ValueWalk’s Raul Panganiban interviews Cornelius Bond, author of “T. Rowe Price The Man, The Company, and the Investment Philosophy.” In this part Cornelius discusses the role of pensions, his favorite detective novel, and Price’s advice.
- See part 1 here.
- See part 2 here.
- See part 3 here.
Q1 hedge fund letters, conference, scoops etc
Yeah, right. And getting back to the T. Rowe Price story, can you tell me about the role of pensions and how that transformed the business?
Yes. We had two major events that sort of happened at once, the first was the growth, which was the growth of the mutual fund industry and concurrently the growth of the pension fund business. And they actually both grew at about the same rate, I can’t remember exactly, but I think they grew at about 15-20% per year for quite a while and of course they were huge markets. And it just happened that in both cases our performance record as a firm had been clearly demonstrated to the world with the Growth Stock Fund, so that attracted a lot of shareholders to our fund. And similarly it attracted a lot of pension fund clients, and it really was an answer to us and we grew … and particularly then with New Horizons coming on so strongly and doing so well, we developed quite a reputation.
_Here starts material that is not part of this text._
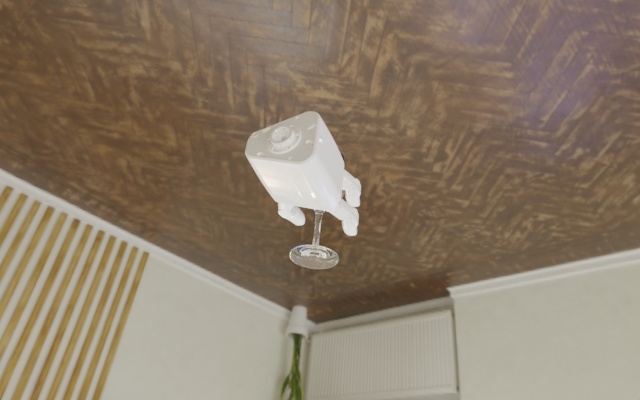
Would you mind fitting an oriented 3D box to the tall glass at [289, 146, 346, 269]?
[{"bbox_3d":[0.000,0.003,0.760,0.079,0.201,0.079,5,-34,3],"label":"tall glass"}]

And I think it was 1972 or 1971, we took in … we had a very strong positive inflow of cash, the rest of the mutual fund industry lost money. But as I mentioned before, that proved to be … it was very nice at the time, but all of this money coming into this field called growth stocks, as all our competitors started to follow us, because all of their clients wanted some of these growth stocks too. All this money came … Charlie Schaper called it the laser beam thesis because everything was kind of squeezed between the magnet, if you will, and compressed, which caused the prices to go up strongly of growth stocks.